I asked if she was like this all of the time, and the pastor said that no, she had terrible nightmares whenever she tried to sleep, and appeared to be reliving her experience in the falling houses. He asked for help for her, saying that he was worried about her and the other refugees in the church.
The pastor’s wife then introduced me to several other people who were suffering from flashbacks and nightmares, and then told me that her husband was also waking up every night, reliving the experiences of the people who were in the church and who had shared their stories with him. She asked if the hospital could help them. I explained that in most cases the reactions of the people at the church were understandable, and common following traumatic events. I told her that I would see what we could do for her guests.
Before the earthquake, HAS had been fortunate to find a young Haitian psychologist to work with the AIDS program. Her contract was coming to a close with the transition of the AIDS patients to Partners in Health, and she had stayed on the staff to support that transition. During the earthquake, she had come into the hospital for long hours every day. Initially she supported the acute needs of patients and their families, and then offered counseling to the physicians and nurses (and occasionally administrators) who had been caring for the crush of patients.
I found the psychologist in her office, which was the hallways of the crowded hospital, calmly listening to a patient whose terrible memories were now accompanied by the fear of the unknown in an operation on her leg later that day.
She agreed to come to visit the people in the church, and another group which had been housed temporarily in an empty rice warehouse (all of these groups were placed with families within weeks of their arrival in the region, and most remain today). She was able to provide immediate support to several patients, and to the families who were with them.
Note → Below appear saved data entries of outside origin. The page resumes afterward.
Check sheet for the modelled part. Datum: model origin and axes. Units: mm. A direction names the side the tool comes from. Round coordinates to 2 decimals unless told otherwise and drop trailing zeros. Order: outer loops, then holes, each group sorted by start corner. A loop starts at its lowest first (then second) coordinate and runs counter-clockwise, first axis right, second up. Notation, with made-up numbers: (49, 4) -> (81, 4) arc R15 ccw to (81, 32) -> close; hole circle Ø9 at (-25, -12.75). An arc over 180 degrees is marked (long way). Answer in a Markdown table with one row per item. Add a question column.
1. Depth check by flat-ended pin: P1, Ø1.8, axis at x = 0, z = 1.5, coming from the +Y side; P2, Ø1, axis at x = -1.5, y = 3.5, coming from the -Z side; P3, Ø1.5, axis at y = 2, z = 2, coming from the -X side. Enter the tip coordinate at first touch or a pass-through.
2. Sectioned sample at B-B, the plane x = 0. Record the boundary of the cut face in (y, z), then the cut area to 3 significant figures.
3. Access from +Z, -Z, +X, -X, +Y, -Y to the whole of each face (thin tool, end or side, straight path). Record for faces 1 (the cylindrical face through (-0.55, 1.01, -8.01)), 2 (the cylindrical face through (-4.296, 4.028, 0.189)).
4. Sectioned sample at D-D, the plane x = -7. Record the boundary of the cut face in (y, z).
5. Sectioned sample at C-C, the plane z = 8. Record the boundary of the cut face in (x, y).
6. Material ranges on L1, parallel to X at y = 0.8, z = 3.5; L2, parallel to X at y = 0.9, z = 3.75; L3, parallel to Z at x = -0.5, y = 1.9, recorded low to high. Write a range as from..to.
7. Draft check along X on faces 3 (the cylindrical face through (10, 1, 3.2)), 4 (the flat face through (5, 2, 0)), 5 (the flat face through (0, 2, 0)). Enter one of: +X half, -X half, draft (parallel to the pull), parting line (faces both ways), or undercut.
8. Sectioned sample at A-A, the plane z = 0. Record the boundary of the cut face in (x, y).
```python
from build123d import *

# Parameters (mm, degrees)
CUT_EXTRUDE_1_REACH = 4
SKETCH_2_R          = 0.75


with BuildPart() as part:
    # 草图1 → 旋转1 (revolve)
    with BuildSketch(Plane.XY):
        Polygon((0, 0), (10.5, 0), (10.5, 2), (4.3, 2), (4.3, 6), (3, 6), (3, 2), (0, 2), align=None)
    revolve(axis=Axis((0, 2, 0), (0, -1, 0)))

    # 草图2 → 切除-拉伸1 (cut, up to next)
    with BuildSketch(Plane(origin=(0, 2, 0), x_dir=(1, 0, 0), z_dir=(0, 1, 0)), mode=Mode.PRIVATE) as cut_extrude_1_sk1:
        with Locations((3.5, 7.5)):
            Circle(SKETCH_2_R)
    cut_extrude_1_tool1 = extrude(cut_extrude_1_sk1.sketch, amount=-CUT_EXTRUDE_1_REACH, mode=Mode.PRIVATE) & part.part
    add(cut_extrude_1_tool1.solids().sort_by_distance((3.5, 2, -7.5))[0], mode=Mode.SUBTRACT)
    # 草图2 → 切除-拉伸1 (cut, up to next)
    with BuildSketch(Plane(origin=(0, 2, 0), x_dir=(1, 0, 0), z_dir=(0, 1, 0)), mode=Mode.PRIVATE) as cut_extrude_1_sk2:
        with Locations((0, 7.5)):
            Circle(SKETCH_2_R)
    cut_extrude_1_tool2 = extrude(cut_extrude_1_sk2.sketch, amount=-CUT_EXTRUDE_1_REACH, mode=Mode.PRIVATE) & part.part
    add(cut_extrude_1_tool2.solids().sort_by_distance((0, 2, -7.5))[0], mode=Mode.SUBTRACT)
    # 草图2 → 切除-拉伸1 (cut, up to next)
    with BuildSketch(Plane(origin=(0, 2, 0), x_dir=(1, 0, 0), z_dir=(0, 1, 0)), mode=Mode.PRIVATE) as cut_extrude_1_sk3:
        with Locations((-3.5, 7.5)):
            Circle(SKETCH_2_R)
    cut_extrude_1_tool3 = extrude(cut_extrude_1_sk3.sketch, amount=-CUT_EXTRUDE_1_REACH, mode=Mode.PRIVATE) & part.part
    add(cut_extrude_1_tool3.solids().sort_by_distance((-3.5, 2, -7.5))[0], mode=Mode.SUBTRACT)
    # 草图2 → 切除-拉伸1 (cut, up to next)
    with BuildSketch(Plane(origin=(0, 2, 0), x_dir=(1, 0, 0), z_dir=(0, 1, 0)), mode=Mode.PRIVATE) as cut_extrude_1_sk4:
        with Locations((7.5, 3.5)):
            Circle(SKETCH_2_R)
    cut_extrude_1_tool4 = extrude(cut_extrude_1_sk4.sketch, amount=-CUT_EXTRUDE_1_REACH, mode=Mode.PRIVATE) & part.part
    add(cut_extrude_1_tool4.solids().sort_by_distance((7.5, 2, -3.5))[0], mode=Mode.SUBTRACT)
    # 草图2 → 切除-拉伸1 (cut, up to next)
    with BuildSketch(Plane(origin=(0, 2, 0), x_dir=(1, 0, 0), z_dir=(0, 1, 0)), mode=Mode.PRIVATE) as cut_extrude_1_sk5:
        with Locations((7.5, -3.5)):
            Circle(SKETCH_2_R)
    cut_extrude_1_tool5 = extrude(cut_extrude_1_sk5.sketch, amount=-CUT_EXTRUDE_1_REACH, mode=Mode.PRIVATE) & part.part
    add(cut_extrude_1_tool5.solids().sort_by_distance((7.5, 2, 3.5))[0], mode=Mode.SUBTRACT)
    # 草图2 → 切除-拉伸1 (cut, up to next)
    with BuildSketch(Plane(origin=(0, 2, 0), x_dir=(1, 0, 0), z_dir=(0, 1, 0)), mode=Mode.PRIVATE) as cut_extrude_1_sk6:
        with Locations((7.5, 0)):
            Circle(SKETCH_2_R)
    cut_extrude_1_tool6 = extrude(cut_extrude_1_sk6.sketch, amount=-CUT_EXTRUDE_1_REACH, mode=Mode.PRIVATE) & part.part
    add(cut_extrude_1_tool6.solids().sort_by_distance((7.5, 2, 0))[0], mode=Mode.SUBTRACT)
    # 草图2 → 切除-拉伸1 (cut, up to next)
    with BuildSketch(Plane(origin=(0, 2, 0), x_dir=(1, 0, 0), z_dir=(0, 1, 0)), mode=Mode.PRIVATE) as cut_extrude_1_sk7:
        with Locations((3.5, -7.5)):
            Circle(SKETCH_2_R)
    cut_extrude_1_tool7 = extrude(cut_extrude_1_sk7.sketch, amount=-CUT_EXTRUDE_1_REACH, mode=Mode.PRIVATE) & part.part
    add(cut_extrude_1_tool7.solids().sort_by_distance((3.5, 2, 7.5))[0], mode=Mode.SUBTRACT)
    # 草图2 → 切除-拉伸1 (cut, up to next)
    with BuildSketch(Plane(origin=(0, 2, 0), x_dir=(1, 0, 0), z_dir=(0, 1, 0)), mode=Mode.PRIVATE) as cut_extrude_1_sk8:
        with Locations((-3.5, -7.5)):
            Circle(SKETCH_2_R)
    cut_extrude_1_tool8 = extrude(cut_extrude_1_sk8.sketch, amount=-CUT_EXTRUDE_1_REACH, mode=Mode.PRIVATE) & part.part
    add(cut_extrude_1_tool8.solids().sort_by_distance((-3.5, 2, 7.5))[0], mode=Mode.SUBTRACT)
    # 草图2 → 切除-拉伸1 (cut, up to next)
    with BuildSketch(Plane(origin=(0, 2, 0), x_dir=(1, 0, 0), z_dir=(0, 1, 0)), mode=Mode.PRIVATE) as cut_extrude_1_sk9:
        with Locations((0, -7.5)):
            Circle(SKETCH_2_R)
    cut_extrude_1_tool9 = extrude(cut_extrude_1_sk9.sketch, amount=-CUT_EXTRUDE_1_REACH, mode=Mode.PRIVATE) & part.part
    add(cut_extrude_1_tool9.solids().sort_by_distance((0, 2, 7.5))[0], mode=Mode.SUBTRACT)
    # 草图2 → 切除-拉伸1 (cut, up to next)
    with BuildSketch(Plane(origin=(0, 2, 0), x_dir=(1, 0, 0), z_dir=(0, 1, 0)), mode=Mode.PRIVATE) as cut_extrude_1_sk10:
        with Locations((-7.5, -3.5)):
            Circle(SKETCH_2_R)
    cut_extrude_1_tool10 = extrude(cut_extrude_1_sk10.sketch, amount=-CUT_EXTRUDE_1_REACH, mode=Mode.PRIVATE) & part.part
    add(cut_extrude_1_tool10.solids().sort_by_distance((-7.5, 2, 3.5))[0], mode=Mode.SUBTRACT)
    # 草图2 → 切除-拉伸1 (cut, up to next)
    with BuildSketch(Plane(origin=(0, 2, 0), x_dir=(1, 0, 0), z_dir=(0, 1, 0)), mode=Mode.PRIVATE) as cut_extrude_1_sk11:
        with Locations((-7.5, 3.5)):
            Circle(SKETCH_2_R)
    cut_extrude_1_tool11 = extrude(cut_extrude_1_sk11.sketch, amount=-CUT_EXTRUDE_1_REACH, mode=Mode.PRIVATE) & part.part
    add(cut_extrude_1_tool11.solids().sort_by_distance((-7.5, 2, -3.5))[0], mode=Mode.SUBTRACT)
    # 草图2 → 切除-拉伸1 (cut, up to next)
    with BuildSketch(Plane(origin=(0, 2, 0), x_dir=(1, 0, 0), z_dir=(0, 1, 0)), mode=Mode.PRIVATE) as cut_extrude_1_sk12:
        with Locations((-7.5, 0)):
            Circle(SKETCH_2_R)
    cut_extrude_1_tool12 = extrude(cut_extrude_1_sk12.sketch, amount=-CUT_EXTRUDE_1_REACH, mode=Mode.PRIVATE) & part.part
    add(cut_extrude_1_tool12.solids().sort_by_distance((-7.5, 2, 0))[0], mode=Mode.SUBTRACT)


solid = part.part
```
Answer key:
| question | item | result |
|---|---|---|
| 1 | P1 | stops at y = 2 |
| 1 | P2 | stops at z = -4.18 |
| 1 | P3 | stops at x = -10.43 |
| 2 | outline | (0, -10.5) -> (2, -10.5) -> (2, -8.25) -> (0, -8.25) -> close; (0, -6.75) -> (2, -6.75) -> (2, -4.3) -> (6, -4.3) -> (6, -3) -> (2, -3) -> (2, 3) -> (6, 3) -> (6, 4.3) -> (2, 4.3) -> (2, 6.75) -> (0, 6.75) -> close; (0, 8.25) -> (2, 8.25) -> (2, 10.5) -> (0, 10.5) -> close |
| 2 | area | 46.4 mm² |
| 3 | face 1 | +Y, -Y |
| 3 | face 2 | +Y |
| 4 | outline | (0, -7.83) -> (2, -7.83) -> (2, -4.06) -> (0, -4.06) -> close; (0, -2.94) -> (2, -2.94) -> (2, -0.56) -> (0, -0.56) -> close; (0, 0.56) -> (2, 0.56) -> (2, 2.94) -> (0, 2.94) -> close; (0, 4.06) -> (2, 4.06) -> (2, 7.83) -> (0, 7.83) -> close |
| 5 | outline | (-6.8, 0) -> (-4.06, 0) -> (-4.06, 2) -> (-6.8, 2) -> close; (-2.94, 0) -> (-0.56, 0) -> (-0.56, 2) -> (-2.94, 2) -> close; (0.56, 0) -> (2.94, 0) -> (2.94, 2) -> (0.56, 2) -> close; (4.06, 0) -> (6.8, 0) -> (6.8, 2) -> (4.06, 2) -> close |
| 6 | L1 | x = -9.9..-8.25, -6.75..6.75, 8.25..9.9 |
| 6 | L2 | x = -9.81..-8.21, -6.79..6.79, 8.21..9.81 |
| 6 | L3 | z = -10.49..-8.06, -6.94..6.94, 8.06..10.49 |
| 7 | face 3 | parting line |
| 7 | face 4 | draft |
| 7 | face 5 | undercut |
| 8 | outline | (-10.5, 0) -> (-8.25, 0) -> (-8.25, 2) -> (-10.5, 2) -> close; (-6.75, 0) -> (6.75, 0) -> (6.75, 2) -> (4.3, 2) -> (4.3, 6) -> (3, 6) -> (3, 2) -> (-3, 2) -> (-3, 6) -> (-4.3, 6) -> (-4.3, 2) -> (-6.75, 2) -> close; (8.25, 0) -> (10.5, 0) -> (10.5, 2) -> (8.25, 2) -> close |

On the way back to the hospital, we talked about what she had been able to achieve in the past weeks, and her heroism and professionalism poured through her simple reports of types of cases she had seen. We discussed what we could do in the coming days, recognizing that everyone on the staff had been stretched beyond their limits of endurance. She sat in her seat, looking out the window, obviously reflecting deeply, and suggested that we could talk about it the next day.
When I saw her, she shared with me that she had been on the phone with several of her classmates from the psychology program who had suffered personal losses in the city. She asked if it would be possible for her to host them in her small house on campus. Of course, I assured her, and asked if there would be a chance that they might wish to work here. One step at a time, she said with a sly smile.
Today, HAS has three psychologists, which represents approximately one-quarter of the professional psychologists in Haiti. They offer individual, as well as group counseling, and their schedule is fully booked all day and into the early evening. Their residence has been converted into an office, and signs guiding people there are dotted throughout the campus and hospital.
With the good fortune which seems to been gifted to HAS in recent months, Rolf Maibach contracted with AMURT, an international emergency aid organization, to support this program, and we have come to recognize that, as is the case with physical therapy and prosthetics, that this will be a permanent element of our service package.
At the Monday conference, the psychologist presented statistics of our service volumes, with an estimate of the current need for counseling services throughout the country, as well as the small resources available to meet these needs. As with many other clinical services in Haiti, there is a tragic mismatch between the demand and the resources, and in this case, HAS is fortunate to be able to serve many of those who come to us in need.